WORK TO BE COMPLETED: Please go through the records below and return every line holding the word "header".

PROVIDED MATERIAL:
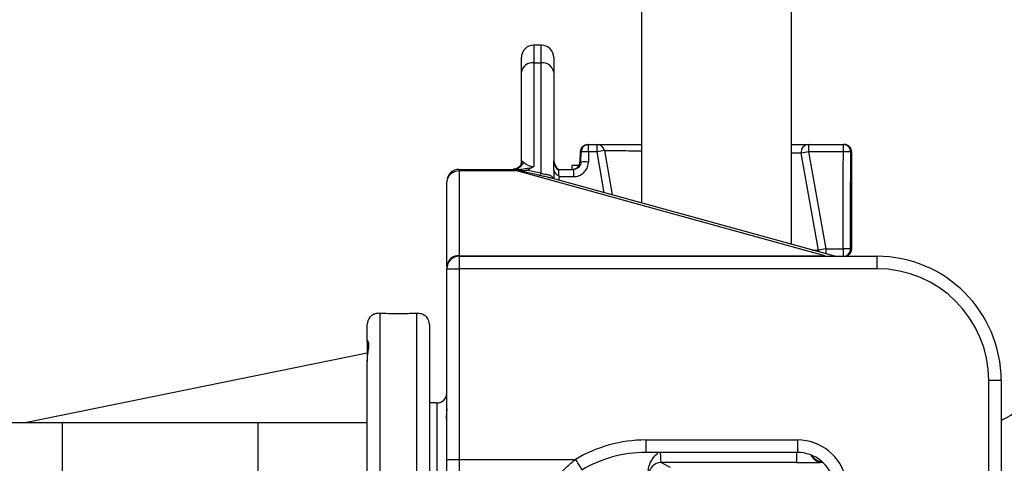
# Model space of a CAD drawing. Extents: x 4262 to 5625, y 3282 to 5186.
# Tile 10 of 14: x 4942 to 5338, y 3639 to 3817. Entities that reach past the tile are written whole.
import ezdxf

# ---------------------------------------------------------------- set-up
doc = ezdxf.new("R2010")
doc.units = 0
doc.header["$LTSCALE"] = 10
doc.header["$MEASUREMENT"] = 0
doc.layers.get('0').update_dxf_attribs({"linetype": 'CONTINUOUS'})

msp = doc.modelspace()

# ---------------------------------------------------------------- linework, layer by layer
at = {"color": 7, "linetype": 'Continuous'}
for p, q in [((5192.48, 4304.94), (5192.48, 3743.7)), ((5252.78, 3727.08), (5252.78, 4304.94)), ((5152.13, 3807.27), (5149.13, 3807.27)), ((5149.13, 3807.27), (5149.13, 3800.15)), ((5152.13, 3800.15), (5152.13, 3807.27)), ((5144.13, 3796.34), (5144.13, 3802.27)), ((5157.13, 3802.27), (5157.13, 3796.34)), ((5149.13, 3800.15), (5149.13, 3758.45)), ((5149.13, 3800.15), (5152.13, 3800.15)), ((5152.13, 3755.71), (5152.13, 3800.15)), ((5144.13, 3760.16), (5144.13, 3796.34)), ((5157.13, 3796.34), (5157.13, 3760.65)), ((5170.76, 3767.27), (5171.14, 3767.27)), ((5171.14, 3767.27), (5174.57, 3767.27)), ((5171.14, 3764.32), (5171.14, 3767.27)), ((5174.57, 3764.32), (5174.57, 3767.27)), ((5259.66, 3767.27), (5273.64, 3767.27)), ((5259.66, 3767.27), (5259.66, 3764.32)), ((5273.64, 3767.27), (5274.02, 3767.27)), ((5273.64, 3764.32), (5273.64, 3767.27)), ((5167.76, 3764.32), (5167.69, 3760.22)), ((5168.16, 3764.32), (5167.76, 3764.32)), ((5168.1, 3760.22), (5168.16, 3764.32)), ((5174.57, 3764.32), (5171.14, 3764.32)), ((5177.48, 3747.83), (5174.57, 3764.32)), ((5177.53, 3764.79), (5180.67, 3746.95)), ((5263.59, 3724.75), (5256.71, 3763.75)), ((5259.66, 3764.32), (5266.54, 3725.32)), ((5273.64, 3764.32), (5259.66, 3764.32)), ((5277.02, 3764.27), (5276.62, 3764.27)), ((5277.02, 3725.27), (5277.02, 3764.27)), ((5164.37, 3758.77), (5164.37, 3757.27)), ((5167.69, 3760.22), (5168.1, 3760.22)), ((5119.13, 3757.27), (5142.32, 3757.27)), ((5119.13, 3757.27), (5119.13, 3756.65)), ((5119.13, 3756.65), (5119.13, 3722.52)), ((5142.32, 3756.65), (5119.13, 3756.65)), ((5142.32, 3757.27), (5142.32, 3756.65)), ((5142.32, 3757.27), (5142.4, 3757.27)), ((5266.19, 3722.52), (5142.32, 3756.65)), ((5142.4, 3757.27), (5143.11, 3757.27)), ((5143.31, 3756.76), (5142.58, 3756.8)), ((5157.13, 3756.87), (5157.13, 3753.44)), ((5159.13, 3754.6), (5159.13, 3757.27)), ((5159.13, 3757.27), (5165.05, 3757.27)), ((5165.05, 3757.27), (5165.05, 3754.32)), ((5114.13, 3718.2), (5114.13, 3752.27)), ((5155.26, 3753.92), (5155.46, 3753.86)), ((5270.24, 3722.27), (5155.34, 3753.94)), ((5159.13, 3754.6), (5159.13, 3752.89)), ((5165.05, 3754.32), (5159.13, 3754.32)), ((5276.55, 3752.27), (5276.56, 3752.27)), ((5276.56, 3752.27), (5276.56, 3737.27)), ((5266.54, 3725.32), (5266.54, 3723.29)), ((5266.54, 3725.32), (5273.56, 3725.32)), ((5273.56, 3725.32), (5273.56, 3722.27)), ((5276.53, 3725.27), (5277.02, 3725.27)), ((5119.13, 3722.27), (5119.13, 3722.52)), ((5119.13, 3722.52), (5266.19, 3722.52)), ((5119.13, 3722.27), (5149.13, 3722.27)), ((5119.13, 3722.27), (5119.13, 3717.27)), ((5149.13, 3722.27), (5287.13, 3722.27)), ((5266.19, 3722.27), (5266.19, 3722.52)), ((5266.19, 3722.52), (5268.04, 3722.27)), ((5287.13, 3722.27), (5287.13, 3717.27)), ((5114.13, 3718.2), (5114.13, 3717.27)), ((5114.13, 3640.55), (5114.13, 3717.27)), ((5114.13, 3717.27), (5119.13, 3717.27)), ((5119.13, 3717.27), (5119.13, 3640.55)), ((5287.13, 3717.27), (5119.13, 3717.27)), ((5087.13, 3699.46), (5087.13, 3414.77)), ((5102.13, 3414.77), (5102.13, 3699.46)), ((5082.13, 3687.9), (5082.13, 3694.77)), ((5107.13, 3694.77), (5107.13, 3419.77)), ((5082.13, 3687.9), (5082.13, 3679.99)), ((5082.13, 3683.27), (4944.51, 3655.27)), ((5082.13, 3619.31), (5082.13, 3679.98)), ((5337.13, 3672.27), (5332.13, 3672.27)), ((5332.13, 3547.36), (5332.13, 3672.27)), ((5337.13, 3672.27), (5337.13, 3562.27)), ((5110.13, 3663.27), (5107.13, 3663.27)), ((5110.13, 3663.27), (5110.13, 3451.27)), ((4959.47, 3655.27), (4879.67, 3655.27)), ((5038.13, 3655.27), (4959.47, 3655.27)), ((4959.47, 3655.27), (4959.47, 3567.27)), ((5082.13, 3655.27), (5038.13, 3655.27)), ((5038.13, 3655.27), (5038.13, 3567.27)), ((5194.13, 3648.36), (5255.13, 3648.36)), ((5194.13, 3648.36), (5194.13, 3643.36)), ((5255.13, 3648.36), (5255.13, 3643.36)), ((5114.13, 3635.76), (5114.13, 3640.55)), ((5114.13, 3640.55), (5119.13, 3640.55)), ((5119.13, 3640.55), (5165.89, 3640.55)), ((5119.13, 3640.55), (5119.13, 3634.16)), ((5255.13, 3643.36), (5194.13, 3643.36)), ((5254.84, 3643.36), (5254.84, 3639.25)), ((5200.34, 3639.25), (5203.96, 3637.43)), ((5254.84, 3639.25), (5200.34, 3639.25)), ((5265.2, 3639.51), (5265.14, 3639.42))]:
    msp.add_line(p, q, dxfattribs=at)
at = {"color": 7, "linetype": 'Continuous', "flags": 128}
for points in [[(5171.14, 3764.32), (5171.11, 3762.23), (5171.08, 3760.22)], [(5263.59, 3724.75), (5263.72, 3724.24), (5263.8, 3724.04)], [(5165.89, 3640.55), (5166.4, 3639.7), (5166.88, 3638.89), (5167.33, 3638.15), (5167.72, 3637.49), (5168.04, 3636.96), (5168.27, 3636.57), (5168.42, 3636.33), (5168.46, 3636.26)]]:
    msp.add_lwpolyline(points, dxfattribs=at)
at = {"color": 7, "linetype": 'Continuous'}
for centre, radius, start, end in [((5149.13, 3802.27), 5, 90, 180), ((5152.13, 3802.27), 5, 0, 90), ((5148.61, 3795.66), 4.53, 83.3767, 171.3022), ((5152.66, 3795.66), 4.53, 8.6968, 96.6244), ((5170.76, 3764.27), 3, 90, 179), ((5171.15, 3764.28), 2.99, 90.2109, 179.2199), ((5174.57, 3764.27), 3, 10, 90), ((5259.66, 3764.27), 3, 90, 190), ((5273.63, 3764.28), 2.99, 359.7905, 89.7906), ((5274.02, 3764.27), 3, 0, 90), ((5169.65, 3708.56), 55.78, 88.4709, 91.5291), ((5182.86, 3721.6), 43.52, 97.0429, 100.9819), ((5266.53, 3721.01), 43.85, 99.015, 102.9483), ((5274.16, 3708.71), 55.61, 87.4583, 90.5274), ((5140.74, 3761.85), 4.58, 271.2502, 338.1175), ((5162.13, 3761.27), 5, 180, 233.1301), ((5161.7, 3760.7), 4.56, 180.6092, 235.8446), ((5164.69, 3760.27), 3, 270, 359), ((5169.59, 3704.31), 55.93, 88.4751, 91.5249), ((5119.13, 3752.27), 5, 90, 180), ((5141.93, 3756.83), 0.642, 357.9438, 43.4546), ((5142.61, 3756.79), 0.695, 357.9607, 43.9732), ((5149.9, 3756.73), 2.46, 309.1565, 335.4211), ((5159.69, 3757.37), 2.6, 190.9217, 257.7595), ((5273.41, 3682), 43.87, 99.0157, 102.9473), ((5274.04, 3668.29), 57.03, 87.4974, 90.4852), ((5273.54, 3725.25), 2.99, 270.2599, 0.2567), ((5274.02, 3725.27), 3, 270, 0), ((5118.82, 3717.83), 4.7, 86.1255, 175.5141), ((5119.13, 3717.27), 5, 90, 180), ((5287.13, 3672.27), 50, 0, 90), ((5287.13, 3672.27), 45, 0, 90), ((5087.13, 3694.77), 5, 142.901, 180), ((5102.13, 3694.77), 5, 0, 37.1061), ((5110.13, 3667.27), 4, 270, 0), ((5255.13, 3628.27), 20.09, 12, 90), ((5255.13, 3628.27), 15.09, 12, 90), ((5265.14, 3644.43), 5, 204.7515, 269.9857), ((5265.28, 3644.6), 5, 208.4744, 267.8436), ((5200.34, 3634.25), 5, 90.0531, 179.9723)]:
    msp.add_arc(centre, radius, start, end, dxfattribs=at)
for centre, major_axis, ratio, start_param, end_param in [((5222.02, 4123.32), (0, 2979.08), 0.017455, 4.578389, 4.591587), ((5222.02, 4123.27), (0, 2979.08), 0.018462, 4.582452, 4.591587), ((5149.13, 3762.27), (5, 0), 0.762882, 3.733774, 4.712389), ((5119.13, 3752.27), (5, 0), 0.877401, 1.570796, 3.141593), ((5140.75, 3752.77), (3.29, 4.23), 0.324444, 0.638588, 0.719913), ((5239.08, 3725.67), (99.82, -31.29), 0.032743, 2.652224, 2.892916), ((5239.08, 3722.24), (100.21, -34.73), 0.062103, 2.642276, 2.762095), ((5222.02, 4123.27), (0, 2979.08), 0.018462, 4.578389, 4.582452), ((5194.13, 3593.35), (0, 55.01), 0.999848, 0, 0.539272), ((5194.13, 3593.35), (0, 50.01), 0.999817, 0, 0.539272), ((5200.35, 3644.25), (0, 5), 0.069231, 1.75087, 3.124139), ((5254.79, 3639.43), (10.35, 0), 0.01686, 4.716908, 6.270251)]:
    msp.add_ellipse(centre, major_axis=major_axis, ratio=ratio, start_param=start_param, end_param=end_param, dxfattribs=at)
for points, knots in [([(5174.57, 3767.27), (5174.68, 3767.27), (5174.89, 3767.27), (5176.55, 3767.27), (5179.18, 3767.27), (5182.74, 3767.27), (5187.22, 3767.27), (5190.54, 3767.27), (5192.46, 3767.27), (5192.48, 3767.27)], [0, 0, 0, 0, 0.166286, 0.332572, 0.498853, 0.665136, 0.831523, 0.997911, 1, 1, 1, 1]), ([(5252.78, 3767.27), (5253.17, 3767.27), (5254.86, 3767.27), (5256.95, 3767.27), (5258.7, 3767.27), (5259.53, 3767.27), (5259.62, 3767.27), (5259.66, 3767.27)], [0, 0, 0, 0, 0.080961, 0.359035, 0.637107, 0.818554, 1, 1, 1, 1]), ([(5192.48, 3764.57), (5191.41, 3764.59), (5188.7, 3764.63), (5185.13, 3764.68), (5181.79, 3764.73), (5179.54, 3764.76), (5178.18, 3764.78), (5177.6, 3764.79), (5177.55, 3764.79), (5177.53, 3764.79)], [0, 0, 0, 0, 0.117187, 0.295752, 0.469227, 0.647739, 0.783283, 0.92119, 1, 1, 1, 1]), ([(5256.71, 3763.75), (5256.67, 3763.75), (5256.59, 3763.75), (5255.8, 3763.76), (5254.65, 3763.78), (5253.25, 3763.8), (5252.78, 3763.8)], [0, 0, 0, 0, 0.232818, 0.468498, 0.822302, 1, 1, 1, 1]), ([(5144.13, 3760.13), (5144.13, 3760.11), (5144.13, 3760.03), (5144.06, 3759.57), (5143.77, 3758.91), (5143.17, 3758.15), (5142.34, 3757.58), (5141.5, 3757.29), (5141.03, 3757.29), (5140.85, 3757.29)], [0, 0, 0, 0, 0.042705, 0.178427, 0.339025, 0.510513, 0.695744, 0.877797, 1, 1, 1, 1]), ([(5144.13, 3760.16), (5144.14, 3760.23), (5144.16, 3760.52), (5144.44, 3760.64), (5144.79, 3760.33), (5144.99, 3760.14)], [0, 0, 0, 0, 0.1133478, 0.4777137, 1, 1, 1, 1]), ([(5157.13, 3756.87), (5157.13, 3757.25), (5157.13, 3757.61), (5157.13, 3758.3), (5157.13, 3758.64), (5157.13, 3759.59), (5157.13, 3760.15), (5157.13, 3760.65)], [0, 0, 0, 0, 0.25, 0.25, 0.5, 0.5, 1, 1, 1, 1]), ([(5167.24, 3758.77), (5167.22, 3758.77), (5166.73, 3758.77), (5165.79, 3758.77), (5164.85, 3758.77), (5164.43, 3758.77), (5164.39, 3758.77), (5164.37, 3758.77)], [0, 0, 0, 0, 0.017659, 0.345696, 0.671621, 0.835817, 1, 1, 1, 1]), ([(5165.05, 3754.32), (5165.48, 3754.35), (5166.58, 3754.42), (5168.26, 3755.11), (5169.79, 3756.44), (5170.85, 3758.21), (5171, 3759.55), (5171.08, 3760.22)], [0, 0, 0, 0, 0.137536, 0.354507, 0.570024, 0.785005, 1, 1, 1, 1]), ([(5168.1, 3760.22), (5168.06, 3759.88), (5167.99, 3759.21), (5167.45, 3758.32), (5166.67, 3757.66), (5165.82, 3757.32), (5165.27, 3757.28), (5165.05, 3757.27)], [0, 0, 0, 0, 0.213066, 0.426869, 0.642644, 0.861168, 1, 1, 1, 1]), ([(5143.11, 3757.27), (5143.53, 3757.27), (5143.95, 3757.29), (5144.8, 3757.38), (5145.23, 3757.46), (5146.06, 3757.63), (5146.48, 3757.72), (5147.32, 3757.87), (5147.74, 3757.92), (5148.16, 3757.94)], [0, 0, 0, 0, 0.25, 0.25, 0.5, 0.5, 0.75, 0.75, 1, 1, 1, 1]), ([(5146.8, 3756.8), (5146.37, 3756.77), (5145.21, 3756.66), (5144.04, 3756.72), (5143.31, 3756.76)], [0, 0, 0, 0, 0.37038, 1, 1, 1, 1]), ([(5148.16, 3757.94), (5147.91, 3757.8), (5147.36, 3757.47), (5147.02, 3757.03), (5146.8, 3756.81), (5146.8, 3756.8)], [0, 0, 0, 0, 0.452581, 0.989342, 1, 1, 1, 1]), ([(5149.13, 3758.45), (5149.13, 3758.45), (5148.99, 3758.36), (5148.68, 3758.18), (5148.34, 3758.02), (5148.16, 3757.94)], [0, 0, 0, 0, 0.01127, 0.48756, 1, 1, 1, 1]), ([(5155.33, 3753.91), (5155.24, 3753.95), (5154.54, 3754.2), (5153.16, 3754.41), (5151.99, 3754.69), (5151.45, 3754.83)], [0, 0, 0, 0, 0.072543, 0.56863, 1, 1, 1, 1]), ([(5152.13, 3755.71), (5152.32, 3755.64), (5152.62, 3755.53), (5153.28, 3755.38), (5153.82, 3755.32), (5154.72, 3755.2), (5155.59, 3755.02), (5156.3, 3754.53), (5156.71, 3754.04), (5156.83, 3753.71), (5156.9, 3753.5)], [0, 0, 0, 0, 0.094549, 0.151941, 0.304041, 0.343436, 0.613126, 0.810539, 0.878859, 1, 1, 1, 1]), ([(5276.56, 3737.27), (5276.56, 3739.27), (5276.56, 3744.27), (5276.55, 3749.27), (5276.55, 3752.27)], [0, 0, 0, 0, 0.399987, 1, 1, 1, 1]), ([(5261.12, 3724.78), (5261.72, 3724.77), (5262.99, 3724.76), (5263.54, 3724.75), (5263.58, 3724.75), (5263.59, 3724.75)], [0, 0, 0, 0, 0.41027, 0.870712, 1, 1, 1, 1]), ([(5083.17, 3697.77), (5083.34, 3697.98), (5083.55, 3698.2), (5084.05, 3698.6), (5084.33, 3698.79), (5085, 3699.12), (5085.37, 3699.26), (5086.2, 3699.44), (5086.65, 3699.49), (5087.13, 3699.46)], [0, 0, 0, 0, 0.25, 0.25, 0.5, 0.5, 0.75, 0.75, 1, 1, 1, 1]), ([(5087.13, 3699.46), (5088.27, 3699.41), (5090.54, 3699.3), (5094.63, 3699.24), (5097.99, 3699.29), (5100.48, 3699.38), (5101.58, 3699.43), (5102.13, 3699.46)], [0, 0, 0, 0, 0.249388, 0.498799, 0.747648, 0.873823, 1, 1, 1, 1]), ([(5102.13, 3699.46), (5102.77, 3699.42), (5103.85, 3699.36), (5104.98, 3698.79), (5105.68, 3698.25), (5105.98, 3697.9), (5106.1, 3697.77)], [0, 0, 0, 0, 0.343203, 0.588507, 0.840584, 1, 1, 1, 1]), ([(5337.13, 3656.22), (5339.74, 3657.67), (5345.83, 3661.04), (5354.66, 3667.6), (5363.35, 3675.38), (5370.94, 3683.77), (5377.54, 3692.5), (5381.2, 3698.76), (5383.03, 3701.89)], [0, 0, 0, 0, 0.136113, 0.317953, 0.501168, 0.668482, 0.834596, 1, 1, 1, 1]), ([(5082.13, 3679.98), (5082.16, 3680.63), (5082.22, 3682.16), (5082.55, 3684.19), (5082.81, 3685.98), (5082.82, 3687.27), (5082.55, 3688.01), (5082.36, 3688.09), (5082.28, 3688.13)], [0, 0, 0, 0, 0.133805, 0.310853, 0.492952, 0.668632, 0.850305, 1, 1, 1, 1]), ([(5114.13, 3660.85), (5114.09, 3660.25), (5114, 3658.81), (5113.74, 3657.16), (5113.95, 3656.82), (5114.06, 3656.65)], [0, 0, 0, 0, 0.257982, 0.614658, 1, 1, 1, 1]), ([(5159.09, 3634.16), (5160.14, 3635.27), (5162.25, 3637.51), (5164.67, 3639.53), (5165.89, 3640.55)], [0, 0, 0, 0, 0.494462, 1, 1, 1, 1]), ([(5195.17, 3635.69), (5195.26, 3636.54), (5195.41, 3637.98), (5196.3, 3639.82), (5197.45, 3641.59), (5198.53, 3642.68), (5199.19, 3643.36)], [0, 0, 0, 0, 0.285995, 0.483912, 0.682277, 1, 1, 1, 1])]:
    msp.add_open_spline(points, degree=3, knots=knots, dxfattribs=at)

doc.saveas('drawing.dxf')

COMPLETED EXERCISE:
doc.header["$LTSCALE"] = 10
doc.header["$MEASUREMENT"] = 0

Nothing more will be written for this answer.